Stored entries:
########################################

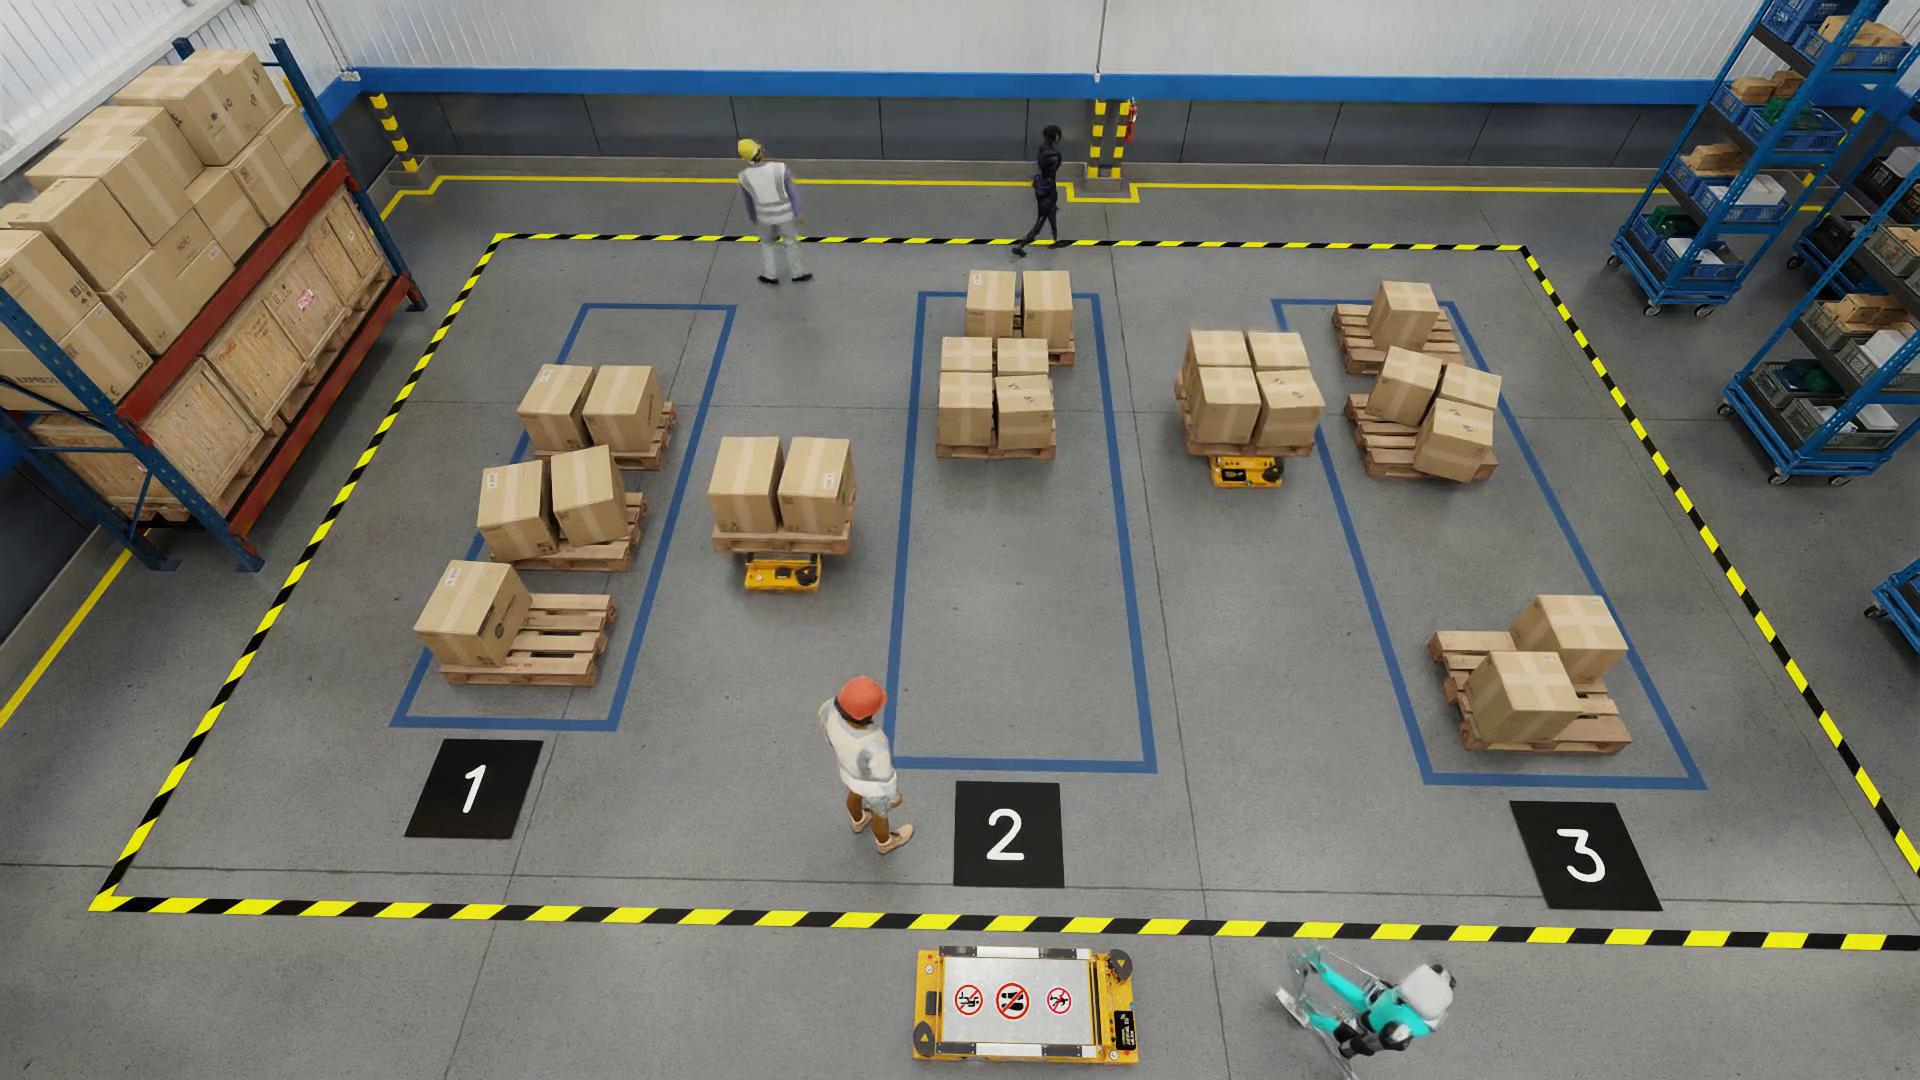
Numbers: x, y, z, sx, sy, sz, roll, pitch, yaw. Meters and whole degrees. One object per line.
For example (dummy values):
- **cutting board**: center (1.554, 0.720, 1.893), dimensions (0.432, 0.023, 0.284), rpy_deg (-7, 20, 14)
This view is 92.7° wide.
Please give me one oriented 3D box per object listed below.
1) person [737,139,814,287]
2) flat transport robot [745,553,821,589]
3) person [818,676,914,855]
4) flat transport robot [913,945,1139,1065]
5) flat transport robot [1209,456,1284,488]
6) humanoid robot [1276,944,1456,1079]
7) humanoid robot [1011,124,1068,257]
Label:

########################################

▸ Activity: The records above are to be transcribed in full, with images omitted.

▸ Your response:
Numbers: x, y, z, sx, sy, sz, roll, pitch, yaw. Meters and whole degrees. One object per line.
For example (dummy values):
- **cutting board**: center (1.554, 0.720, 1.893), dimensions (0.432, 0.023, 0.284), rpy_deg (-7, 20, 14)
This view is 92.7° wide.
Please give me one oriented 3D box per object listed below.
1) person [737,139,814,287]
2) flat transport robot [745,553,821,589]
3) person [818,676,914,855]
4) flat transport robot [913,945,1139,1065]
5) flat transport robot [1209,456,1284,488]
6) humanoid robot [1276,944,1456,1079]
7) humanoid robot [1011,124,1068,257]
Label:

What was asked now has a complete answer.